Export and parallel trade constraints

For depot injectables, substitution is constrained by:

• cold chain requirements (if any; many injectable depots are not cold-chain dependent, but handling requirements still apply)
• labeling and administration kit compatibility
• reimbursement rules that limit interchangeability

Key data needed to finalize a supplier list (drug product, sterile fill-finish, packaging)

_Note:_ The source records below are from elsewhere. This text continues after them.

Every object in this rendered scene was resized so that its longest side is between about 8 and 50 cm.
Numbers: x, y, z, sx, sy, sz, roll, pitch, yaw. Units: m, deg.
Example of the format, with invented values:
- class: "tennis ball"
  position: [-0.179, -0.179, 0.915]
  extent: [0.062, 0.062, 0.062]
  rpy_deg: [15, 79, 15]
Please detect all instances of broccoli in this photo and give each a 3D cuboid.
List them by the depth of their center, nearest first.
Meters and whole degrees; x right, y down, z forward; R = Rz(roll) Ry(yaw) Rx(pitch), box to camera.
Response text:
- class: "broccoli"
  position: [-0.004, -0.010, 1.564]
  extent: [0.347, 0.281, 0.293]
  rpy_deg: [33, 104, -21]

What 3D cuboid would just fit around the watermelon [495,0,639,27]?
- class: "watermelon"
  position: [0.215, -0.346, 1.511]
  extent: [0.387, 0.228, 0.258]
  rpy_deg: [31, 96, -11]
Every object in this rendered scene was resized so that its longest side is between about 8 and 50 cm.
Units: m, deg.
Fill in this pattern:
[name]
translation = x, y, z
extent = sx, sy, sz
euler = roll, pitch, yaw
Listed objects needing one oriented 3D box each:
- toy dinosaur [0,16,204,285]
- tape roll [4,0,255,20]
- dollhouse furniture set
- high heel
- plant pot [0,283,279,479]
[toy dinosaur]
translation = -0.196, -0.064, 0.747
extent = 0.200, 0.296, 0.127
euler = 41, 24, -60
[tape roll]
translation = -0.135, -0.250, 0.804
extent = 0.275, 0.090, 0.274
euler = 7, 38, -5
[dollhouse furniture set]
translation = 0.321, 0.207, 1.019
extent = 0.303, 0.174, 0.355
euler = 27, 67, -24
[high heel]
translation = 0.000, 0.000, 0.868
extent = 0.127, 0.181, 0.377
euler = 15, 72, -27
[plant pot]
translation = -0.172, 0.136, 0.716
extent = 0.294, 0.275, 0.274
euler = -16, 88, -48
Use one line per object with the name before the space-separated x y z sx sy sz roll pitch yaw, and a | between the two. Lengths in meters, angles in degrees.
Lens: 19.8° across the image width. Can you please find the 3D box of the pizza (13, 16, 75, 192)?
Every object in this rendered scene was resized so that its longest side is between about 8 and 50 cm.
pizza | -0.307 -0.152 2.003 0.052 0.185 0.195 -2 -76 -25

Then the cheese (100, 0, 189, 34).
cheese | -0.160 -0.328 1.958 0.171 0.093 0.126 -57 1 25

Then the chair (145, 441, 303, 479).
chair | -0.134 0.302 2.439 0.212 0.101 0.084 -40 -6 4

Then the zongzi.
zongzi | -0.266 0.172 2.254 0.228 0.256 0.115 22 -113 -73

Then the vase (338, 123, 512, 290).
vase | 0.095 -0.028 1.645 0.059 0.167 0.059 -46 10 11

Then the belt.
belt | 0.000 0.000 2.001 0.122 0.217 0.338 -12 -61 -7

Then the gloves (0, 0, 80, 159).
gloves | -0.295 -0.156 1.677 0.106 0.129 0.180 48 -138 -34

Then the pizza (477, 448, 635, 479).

A defensible supplier list for olanzapine pamoate requires mapping by establishment and role. In a procurement-ready deliverable, the supplier list should include:

Drug product manufacturing suppliers

• FDA-registered establishments that manufacture olanzapine pamoate LAI drug product
• label holder(s) and contract manufacturing sites

Sterile fill-finish suppliers

• establishments responsible for aseptic processing and vial/syringe filling
• primary packaging subcomponent suppliers only if explicitly disclosed by regulatory listings

Packaging and distribution suppliers

• packaging and labeling vendors aligned to NDC-level configuration
• distribution arrangements that control availability

Key Takeaways

• OlanZAPINE pamoate LAI sourcing is dominated by the label holder supply chain and a limited set of sterile fill-finish and packaging partners qualified for long-acting injectable suspensions.
• Supplier diversification depends on FDA regulatory status (Orange Book and exclusivity) and any patent litigation or settlements that govern generic launch timing.
• For procurement and licensing decisions, the only actionable supplier mapping is establishment- and NDC-linked: drug product manufacture, sterile fill-finish, and packaging operations.

FAQs

1. What is the difference between olanzapine oral generic suppliers and olanzapine pamoate LAI suppliers?
2. How does Orange Book patent listing affect when new suppliers can launch generic olanzapine pamoate?
3. What manufacturing attributes of olanzapine pamoate suspension drive CMO qualification?
4. Do packaging and labeling suppliers for olanzapine pamoate change across NDCs or carton configurations?
5. How do Paragraph IV challenges typically affect availability and pricing of long-acting injectable LAI products like olanzapine pamoate?

References

1. U.S. Food and Drug Administration. Orange Book: Approved Drug Products with Therapeutic Equivalence Evaluations. (Referenced for patent/exclusivity framework).